I suppose it isn’t really surprising – after all, 2026 is HHTC’s Centenary Year – and a month and a bit since Christmas; but an awful lot has to happen in terms of budgeting, licence acquiring, set designing, script buying, technical team gathering, publicity, introductory evenings and auditions before you are finally able to start rehearsing anything.
But we are there now, with rehearsals in full swing for the comedy Bedroom Farce by Alan Ayckbourn, which will be on-stage from Wednesday March 26 to Saturday, March 29; and the musical Sister Act – hugely popular since the Whoopi Goldberg film hit the screens – which will be at The Boxmoor Playhouse from Tuesday, June 24 to Saturday, June 28.

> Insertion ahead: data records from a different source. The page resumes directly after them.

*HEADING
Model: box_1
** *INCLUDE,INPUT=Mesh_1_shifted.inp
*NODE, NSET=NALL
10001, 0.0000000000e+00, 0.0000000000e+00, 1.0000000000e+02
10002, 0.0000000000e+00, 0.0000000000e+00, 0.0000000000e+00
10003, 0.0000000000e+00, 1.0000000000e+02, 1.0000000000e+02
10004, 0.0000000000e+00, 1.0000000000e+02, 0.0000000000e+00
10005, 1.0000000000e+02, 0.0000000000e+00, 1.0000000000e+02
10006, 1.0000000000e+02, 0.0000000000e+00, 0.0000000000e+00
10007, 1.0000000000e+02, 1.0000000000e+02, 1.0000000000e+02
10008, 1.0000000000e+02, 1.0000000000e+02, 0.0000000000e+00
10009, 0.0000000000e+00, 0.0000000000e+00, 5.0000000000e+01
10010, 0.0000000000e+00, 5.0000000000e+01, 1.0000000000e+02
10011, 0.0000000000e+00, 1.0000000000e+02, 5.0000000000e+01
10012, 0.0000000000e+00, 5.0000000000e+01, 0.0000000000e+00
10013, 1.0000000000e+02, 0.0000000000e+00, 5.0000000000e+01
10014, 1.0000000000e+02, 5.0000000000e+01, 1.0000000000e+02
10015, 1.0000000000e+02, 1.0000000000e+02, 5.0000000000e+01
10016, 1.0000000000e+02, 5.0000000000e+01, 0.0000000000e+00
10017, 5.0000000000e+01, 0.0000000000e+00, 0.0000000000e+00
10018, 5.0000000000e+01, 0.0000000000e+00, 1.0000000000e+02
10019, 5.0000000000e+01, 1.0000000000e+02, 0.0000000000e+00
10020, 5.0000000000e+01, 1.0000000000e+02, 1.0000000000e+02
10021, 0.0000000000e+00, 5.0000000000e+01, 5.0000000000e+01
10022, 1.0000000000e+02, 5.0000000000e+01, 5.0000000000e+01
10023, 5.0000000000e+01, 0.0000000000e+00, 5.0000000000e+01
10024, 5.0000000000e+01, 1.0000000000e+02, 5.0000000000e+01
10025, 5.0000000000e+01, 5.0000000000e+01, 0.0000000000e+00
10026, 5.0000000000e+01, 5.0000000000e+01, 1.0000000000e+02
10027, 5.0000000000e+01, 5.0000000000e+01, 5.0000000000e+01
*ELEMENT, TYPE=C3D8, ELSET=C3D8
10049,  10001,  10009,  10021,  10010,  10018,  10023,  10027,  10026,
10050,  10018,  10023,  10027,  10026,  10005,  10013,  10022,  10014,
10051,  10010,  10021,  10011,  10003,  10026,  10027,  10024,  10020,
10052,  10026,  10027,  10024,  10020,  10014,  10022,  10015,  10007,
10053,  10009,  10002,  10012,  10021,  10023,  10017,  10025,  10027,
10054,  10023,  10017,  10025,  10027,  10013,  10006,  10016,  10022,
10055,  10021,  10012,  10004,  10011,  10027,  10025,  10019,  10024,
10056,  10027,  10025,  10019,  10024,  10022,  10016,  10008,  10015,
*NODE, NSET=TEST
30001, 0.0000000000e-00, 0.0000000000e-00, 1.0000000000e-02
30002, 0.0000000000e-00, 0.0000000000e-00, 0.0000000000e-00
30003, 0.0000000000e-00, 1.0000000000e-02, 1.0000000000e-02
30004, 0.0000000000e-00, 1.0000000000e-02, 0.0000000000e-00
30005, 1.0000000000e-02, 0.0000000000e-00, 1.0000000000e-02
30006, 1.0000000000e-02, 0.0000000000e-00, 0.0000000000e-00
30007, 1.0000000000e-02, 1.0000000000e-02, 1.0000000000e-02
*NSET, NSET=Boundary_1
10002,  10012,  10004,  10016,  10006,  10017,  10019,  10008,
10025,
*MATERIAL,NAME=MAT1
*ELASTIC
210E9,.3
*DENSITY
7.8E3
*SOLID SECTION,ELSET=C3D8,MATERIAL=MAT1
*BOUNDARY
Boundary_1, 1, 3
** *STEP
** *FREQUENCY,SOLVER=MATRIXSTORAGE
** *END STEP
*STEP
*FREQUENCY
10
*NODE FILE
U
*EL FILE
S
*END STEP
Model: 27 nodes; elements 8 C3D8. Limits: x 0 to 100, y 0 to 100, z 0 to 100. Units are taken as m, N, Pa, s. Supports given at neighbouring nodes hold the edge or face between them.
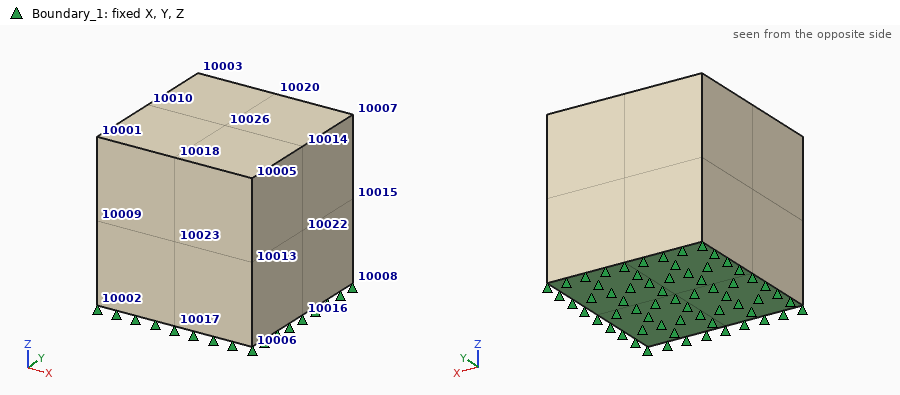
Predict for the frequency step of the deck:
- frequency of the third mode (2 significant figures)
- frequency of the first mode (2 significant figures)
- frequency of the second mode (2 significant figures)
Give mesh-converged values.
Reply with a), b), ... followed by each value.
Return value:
a) 7.5 Hz
b) 5.6 Hz
c) 5.6 Hz
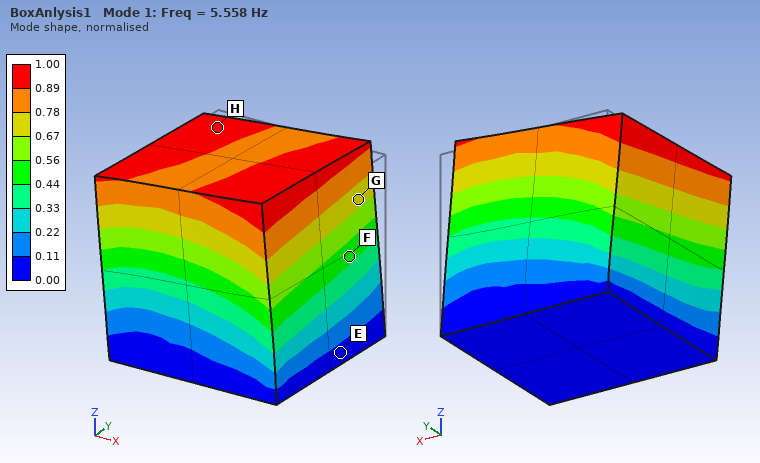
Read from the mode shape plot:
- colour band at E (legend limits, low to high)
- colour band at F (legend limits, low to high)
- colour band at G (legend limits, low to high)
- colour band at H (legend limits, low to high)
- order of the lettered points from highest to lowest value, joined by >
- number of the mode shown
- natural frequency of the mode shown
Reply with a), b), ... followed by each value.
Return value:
a) 0.00 to 0.11
b) 0.44 to 0.56
c) 0.67 to 0.78
d) 0.89 to 1.00
e) H > G > F > E
f) 1
g) 5.558 Hz
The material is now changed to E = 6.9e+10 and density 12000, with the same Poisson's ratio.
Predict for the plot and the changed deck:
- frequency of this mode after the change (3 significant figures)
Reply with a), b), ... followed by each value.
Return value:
a) 2.57 Hz

Bedroom Farce involves four couples and is set in the bedrooms of three of them, where any attempt at tranquility is disrupted by the marital problems of the fourth couple. The set involves the creation of three separate rooms containing double beds – an interesting challenge for set designer/builder John Eames, since the stage at the Playhouse could not be described as vast! Come to see it to find out how this space issue is resolved!
Sister Act, with its large chorus of singing nuns presents a different challenge: everyone was warned by choreographer Gisele Yoh Fowles that although there might not be too much moving around (because choirs tend to stay in one place ) the amount of energetic action in each number would: “amount to a workout at every rehearsal”!
“We had some excellent but very long auditions, followed by two hours of deliberation,” said director Iain Fowles, “and we have a first-rate cast of over 20, all of a very high calibre.” In the leading role of Deloris, the nightclub singer forced to hide in a convent from her gangster ex-boyfriend, is Sarah Winter, very well-known on the local amateur stage with a string of leading roles from musicals ranging from Cabaret, to Into the Woods.
Clearly, there’s plenty to keep everyone busy for the next few months, without even mentioning our week-long youth summer school, a musical revue planned for the autumn and then – guess what? – Christmas panto.
After all, a Centenary Year only happens every hundred years!